During the COVID-19 pandemic, customers increasingly sought contactless payment options, accelerating the adoption of mobile wallets. These reduce the spread of germs as there is no physical contact or exchange of paper cash between users. This aspect of mobile wallets can also be seen as an environmental benefit; by digitizing transactions, mobile wallets reduce the emissions resulting from producing traditional plastic cards, leather wallets, and paper records.

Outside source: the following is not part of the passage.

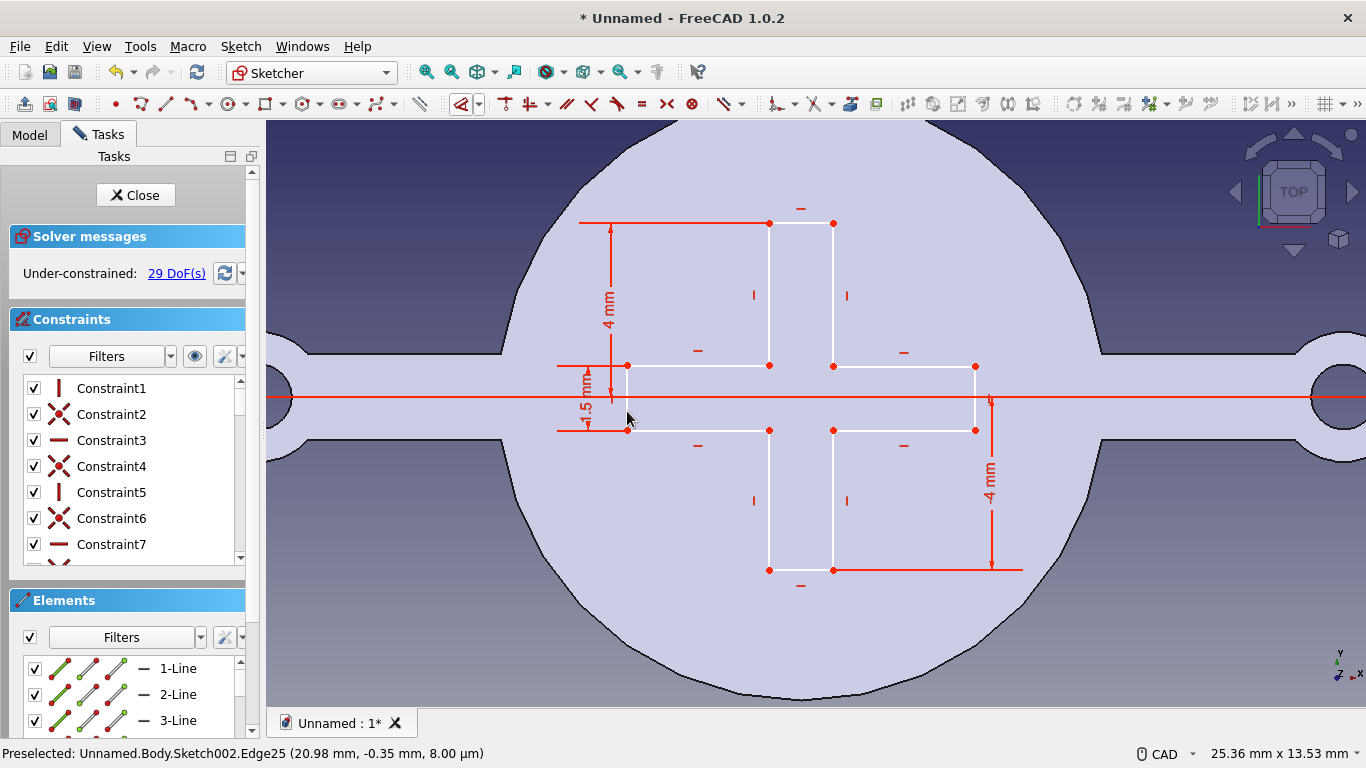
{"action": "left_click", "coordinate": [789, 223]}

Mobile wallets are also a highly secure means of payment. Credit and debit card data is encrypted through a process called tokenization. When a user adds a new card, the mobile wallet communicates with the cardholder’s bank to create a ‘token’ - a unique identifier associated with the device. Instead of directly storing the original card data, the smartphone stores this token, and upon payment, transmits the token to the payment terminal. The attempted purchase is approved only after the bank verifies that the token matches that of the device.

These layers of protection ensure that the data needed to complete a purchase is not just isolated on one device or server; it is the result of communication between the cardholder’s device, their bank, and the payment terminal. Additionally, if the smartphone is lost or stolen, built-in security features like face ID offer an additional layer of security.

 

 

Social Good
 

On top of these benefits, mobile wallets can also promote financial inclusivity and equity. According to Pew Research Center, 98% of Americans have a mobile phone, with over 90% owning a smartphone. The launch and growth of mobile wallets allows almost every American to quickly send money – it’s no longer necessary for someone to travel to a traditional bank or ATM to get cash. Removing this additional step reduces the challenge and inconvenience of managing finances, which renders banking more efficient and accessible to a broader audience.

As a whole, mobile wallets have highlighted the power of 21st century technological advancements within the banking industry. By using mobile wallets for transactions, we cash in on the numerous economic, environmental, and social benefits while creating a more convenient and efficient consumer experience.